Output, word for word, the span of lines that starts at the one containing "- cracker box (63,88,166,170)" and ends at the last line of the records.

Excerpts from a dataset:

>>>>

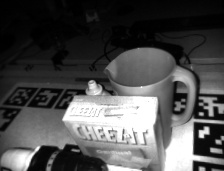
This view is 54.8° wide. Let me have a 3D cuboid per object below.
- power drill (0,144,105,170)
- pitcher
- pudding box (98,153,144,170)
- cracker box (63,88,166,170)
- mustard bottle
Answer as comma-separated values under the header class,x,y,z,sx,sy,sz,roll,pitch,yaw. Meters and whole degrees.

<<<<

Answer box:
- cracker box (63,88,166,170)
- mustard bottle
Answer as comma-separated values under the header class,x,y,z,sx,sy,sz,roll,pitch,yaw. Meters and whole degrees.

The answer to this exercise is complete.